● **Instructions to follow**: Output only the lines below from the one containing "Offer a very short reply. No." to the one containing "Offer a terse response. 5.", exactly as written, both ends kept.

BEGIN

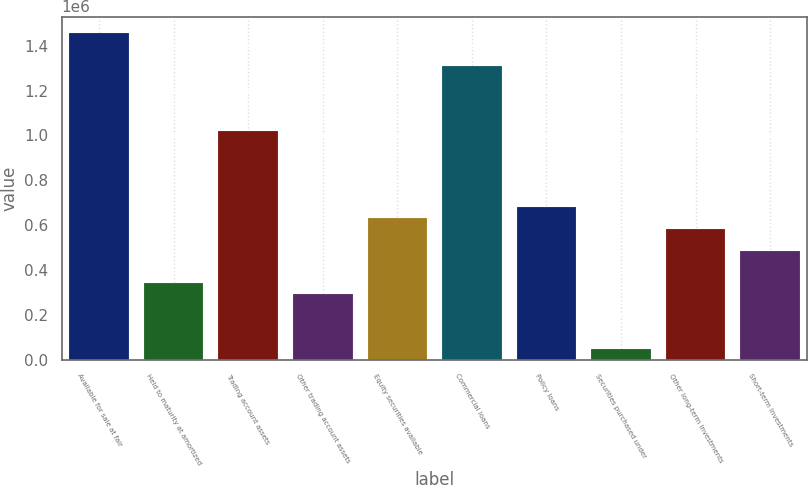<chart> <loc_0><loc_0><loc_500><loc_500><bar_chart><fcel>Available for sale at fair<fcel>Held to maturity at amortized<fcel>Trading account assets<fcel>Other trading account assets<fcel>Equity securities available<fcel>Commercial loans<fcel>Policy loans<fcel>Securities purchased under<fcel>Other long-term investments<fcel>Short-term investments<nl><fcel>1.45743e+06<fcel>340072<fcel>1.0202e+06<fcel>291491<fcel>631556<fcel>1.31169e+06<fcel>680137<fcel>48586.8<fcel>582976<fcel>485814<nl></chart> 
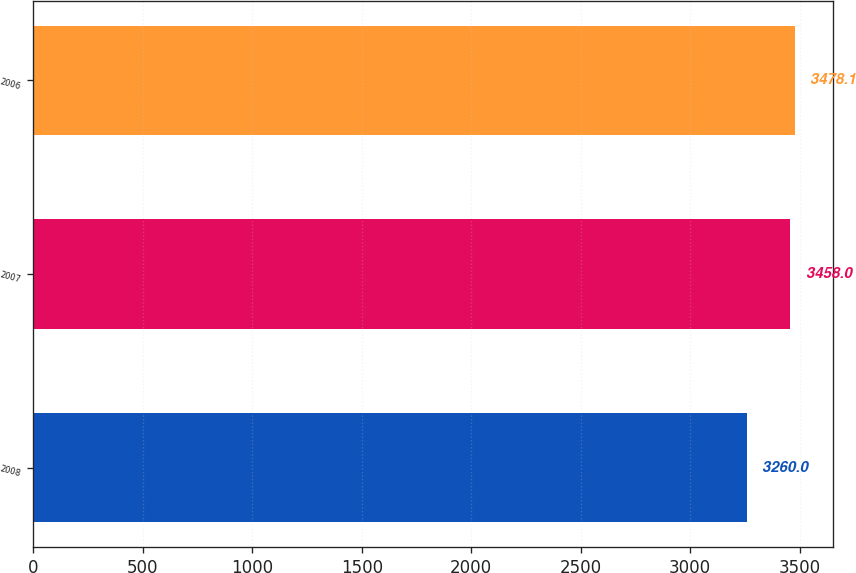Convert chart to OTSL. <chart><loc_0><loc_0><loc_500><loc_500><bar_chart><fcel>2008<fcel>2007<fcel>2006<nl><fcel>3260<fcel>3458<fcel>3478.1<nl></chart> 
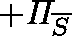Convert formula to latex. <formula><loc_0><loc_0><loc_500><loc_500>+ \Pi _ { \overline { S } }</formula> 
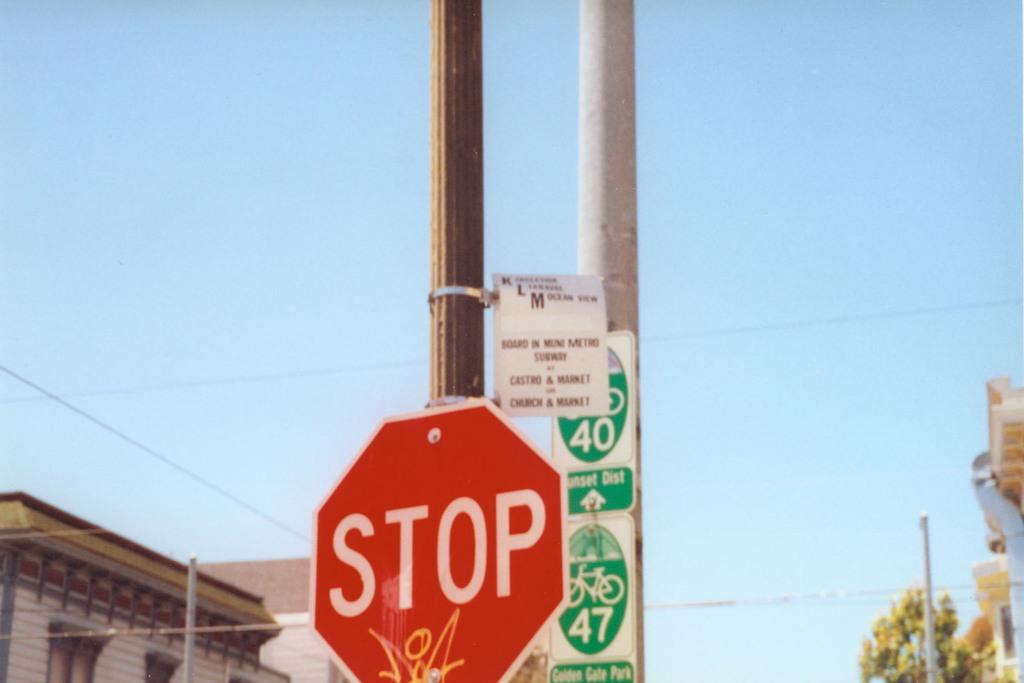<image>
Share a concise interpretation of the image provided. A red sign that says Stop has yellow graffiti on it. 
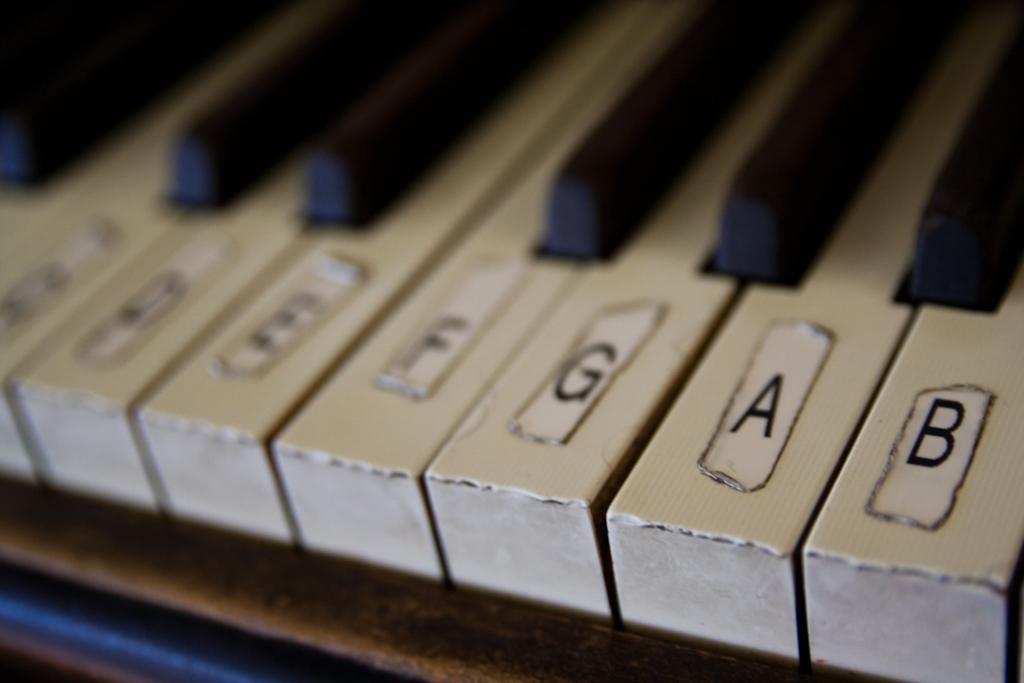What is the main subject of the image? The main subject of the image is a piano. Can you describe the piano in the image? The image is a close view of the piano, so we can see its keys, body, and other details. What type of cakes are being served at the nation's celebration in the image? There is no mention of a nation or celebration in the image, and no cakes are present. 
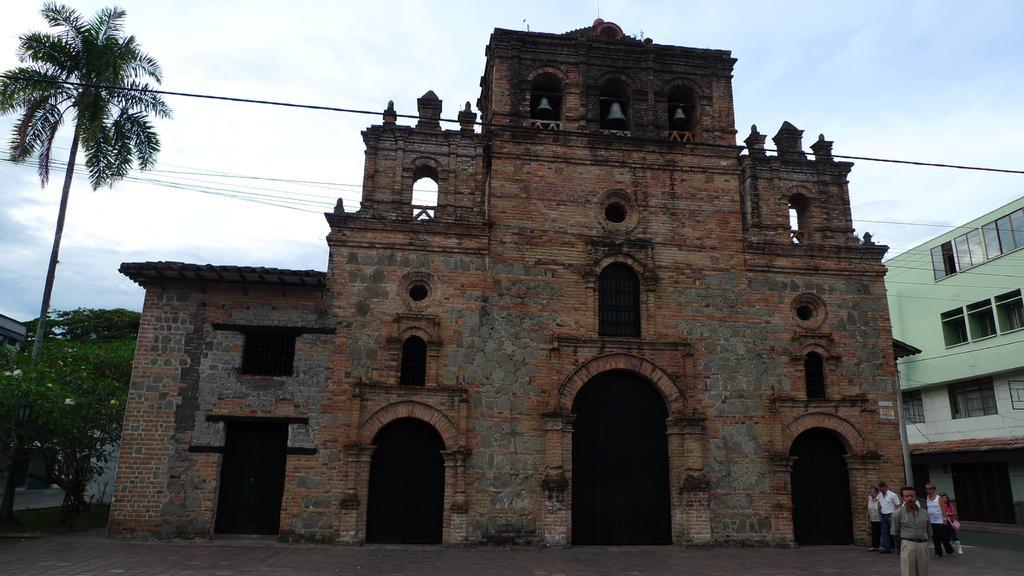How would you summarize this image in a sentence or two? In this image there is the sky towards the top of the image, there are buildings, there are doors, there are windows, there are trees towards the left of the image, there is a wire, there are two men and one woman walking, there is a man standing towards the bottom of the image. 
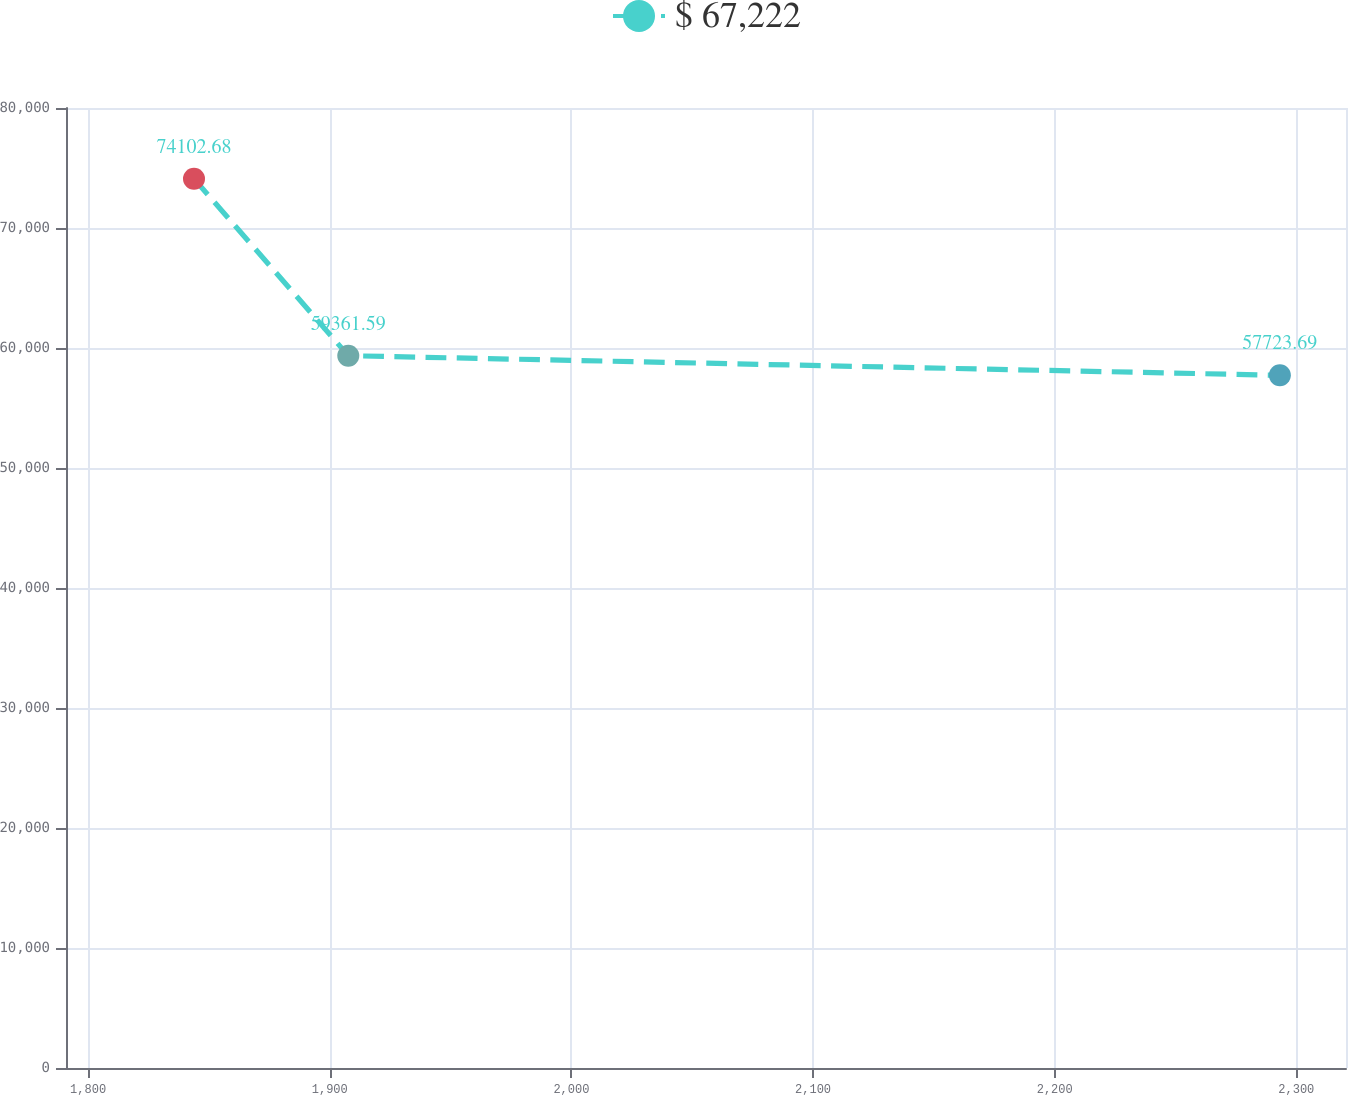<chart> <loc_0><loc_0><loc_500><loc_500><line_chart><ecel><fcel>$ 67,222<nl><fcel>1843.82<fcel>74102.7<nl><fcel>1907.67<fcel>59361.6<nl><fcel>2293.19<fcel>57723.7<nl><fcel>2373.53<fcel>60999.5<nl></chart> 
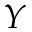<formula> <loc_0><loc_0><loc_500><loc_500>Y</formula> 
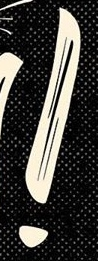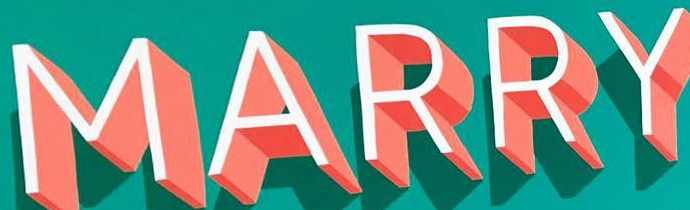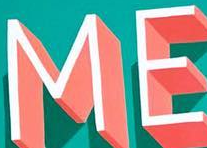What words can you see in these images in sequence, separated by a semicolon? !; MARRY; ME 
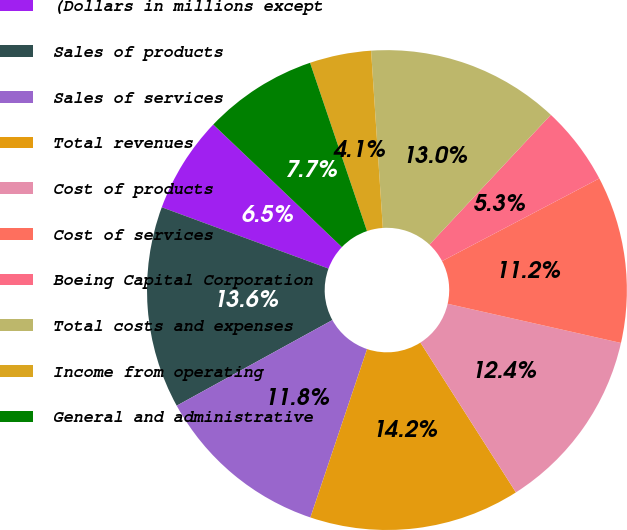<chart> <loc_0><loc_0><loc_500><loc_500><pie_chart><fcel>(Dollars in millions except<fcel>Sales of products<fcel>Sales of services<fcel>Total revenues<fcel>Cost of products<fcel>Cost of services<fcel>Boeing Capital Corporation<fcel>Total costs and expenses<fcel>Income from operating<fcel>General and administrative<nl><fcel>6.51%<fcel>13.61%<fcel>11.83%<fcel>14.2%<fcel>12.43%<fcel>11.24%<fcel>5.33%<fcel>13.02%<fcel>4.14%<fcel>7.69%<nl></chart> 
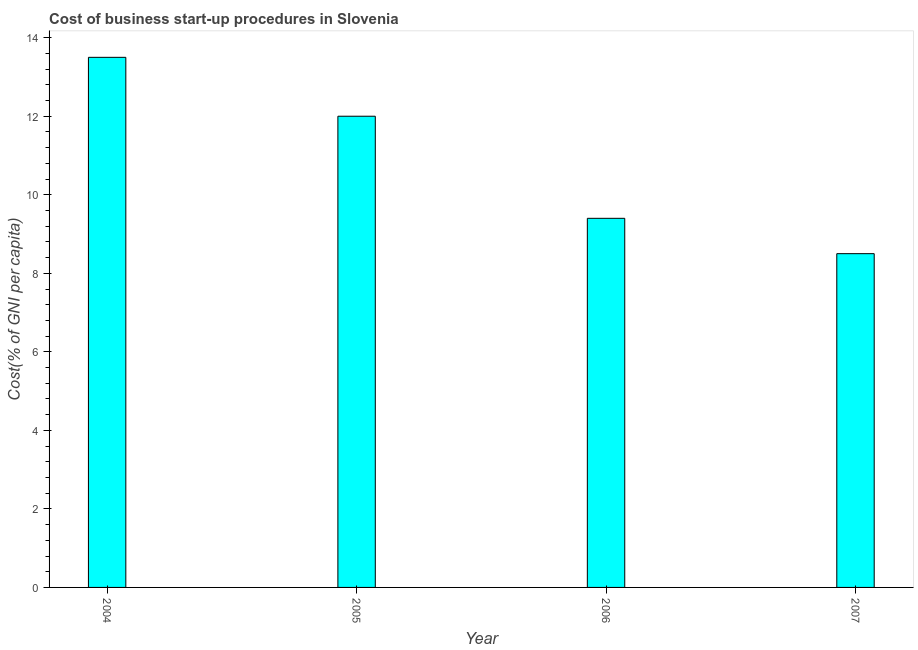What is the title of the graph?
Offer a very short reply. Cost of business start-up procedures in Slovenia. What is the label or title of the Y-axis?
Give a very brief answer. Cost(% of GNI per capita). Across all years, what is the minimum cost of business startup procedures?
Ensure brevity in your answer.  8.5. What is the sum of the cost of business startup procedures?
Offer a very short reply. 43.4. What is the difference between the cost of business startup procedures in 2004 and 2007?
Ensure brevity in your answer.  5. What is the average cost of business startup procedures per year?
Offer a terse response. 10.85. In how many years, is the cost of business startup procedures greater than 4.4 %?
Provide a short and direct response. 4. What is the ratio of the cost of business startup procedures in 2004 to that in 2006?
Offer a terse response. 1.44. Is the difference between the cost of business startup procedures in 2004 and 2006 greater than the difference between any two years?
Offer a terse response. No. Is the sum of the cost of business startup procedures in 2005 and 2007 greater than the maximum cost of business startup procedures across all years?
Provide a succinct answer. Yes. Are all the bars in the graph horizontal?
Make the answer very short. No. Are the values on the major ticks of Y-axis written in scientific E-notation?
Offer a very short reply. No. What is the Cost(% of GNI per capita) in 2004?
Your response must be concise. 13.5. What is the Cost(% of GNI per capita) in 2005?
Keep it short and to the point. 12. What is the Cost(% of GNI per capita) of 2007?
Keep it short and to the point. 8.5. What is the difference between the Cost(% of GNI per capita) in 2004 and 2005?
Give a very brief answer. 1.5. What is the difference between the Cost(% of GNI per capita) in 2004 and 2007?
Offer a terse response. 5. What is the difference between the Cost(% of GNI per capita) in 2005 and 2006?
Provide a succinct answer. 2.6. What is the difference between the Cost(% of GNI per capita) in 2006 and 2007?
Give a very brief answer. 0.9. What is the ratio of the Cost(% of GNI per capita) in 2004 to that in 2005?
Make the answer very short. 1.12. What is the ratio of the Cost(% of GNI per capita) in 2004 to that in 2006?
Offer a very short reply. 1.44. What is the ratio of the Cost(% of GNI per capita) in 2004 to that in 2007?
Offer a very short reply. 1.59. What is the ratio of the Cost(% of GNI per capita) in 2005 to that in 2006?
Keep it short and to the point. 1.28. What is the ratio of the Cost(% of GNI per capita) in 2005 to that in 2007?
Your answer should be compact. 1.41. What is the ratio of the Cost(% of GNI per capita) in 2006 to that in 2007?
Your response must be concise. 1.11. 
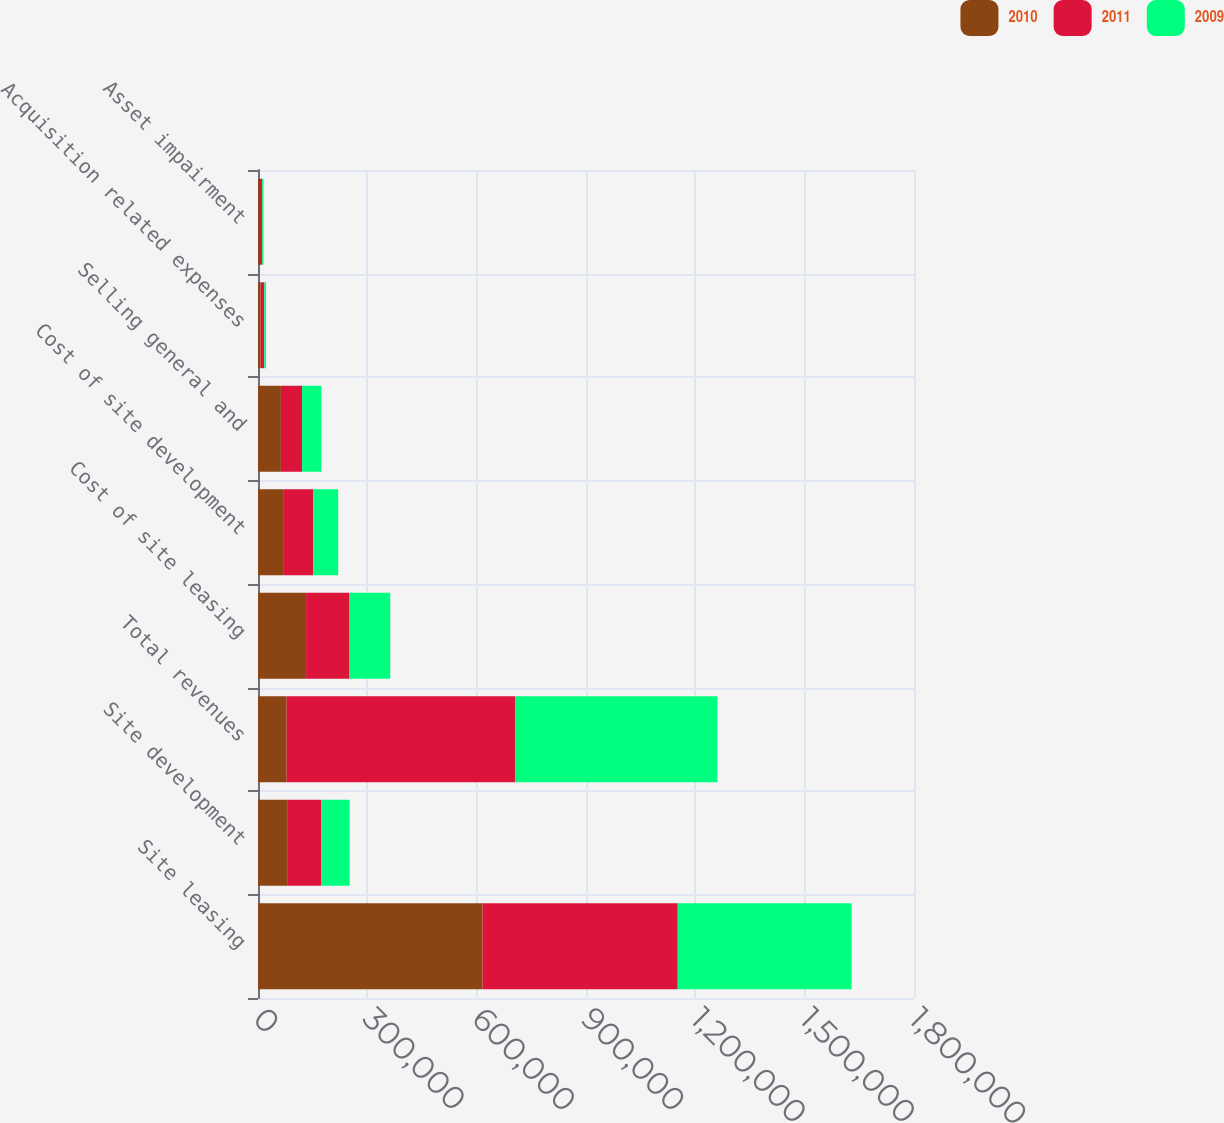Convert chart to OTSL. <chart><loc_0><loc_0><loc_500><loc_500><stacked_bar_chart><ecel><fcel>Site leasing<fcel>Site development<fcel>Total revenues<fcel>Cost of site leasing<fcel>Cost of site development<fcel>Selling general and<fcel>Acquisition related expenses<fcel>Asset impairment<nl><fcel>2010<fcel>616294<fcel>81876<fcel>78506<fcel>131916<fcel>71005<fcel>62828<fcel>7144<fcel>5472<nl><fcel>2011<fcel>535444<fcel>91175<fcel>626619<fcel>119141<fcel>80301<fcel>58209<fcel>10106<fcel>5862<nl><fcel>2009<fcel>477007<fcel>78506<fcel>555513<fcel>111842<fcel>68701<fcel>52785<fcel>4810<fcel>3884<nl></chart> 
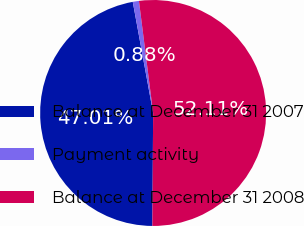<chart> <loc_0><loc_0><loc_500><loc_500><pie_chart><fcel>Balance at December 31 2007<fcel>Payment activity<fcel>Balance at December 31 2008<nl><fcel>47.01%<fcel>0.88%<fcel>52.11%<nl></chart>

END

● **Output**:
Offer a very short reply. No. What is the Cost(% of GNI per capita) in 2004?
Your response must be concise. 13.5. What is the Cost(% of GNI per capita) in 2005?
Keep it short and to the point. 12. What is the Cost(% of GNI per capita) of 2007?
Keep it short and to the point. 8.5. What is the difference between the Cost(% of GNI per capita) in 2004 and 2005?
Give a very brief answer. 1.5. What is the difference between the Cost(% of GNI per capita) in 2004 and 2007?
Offer a terse response. 5. What is the difference between the Cost(% of GNI per capita) in 2005 and 2006?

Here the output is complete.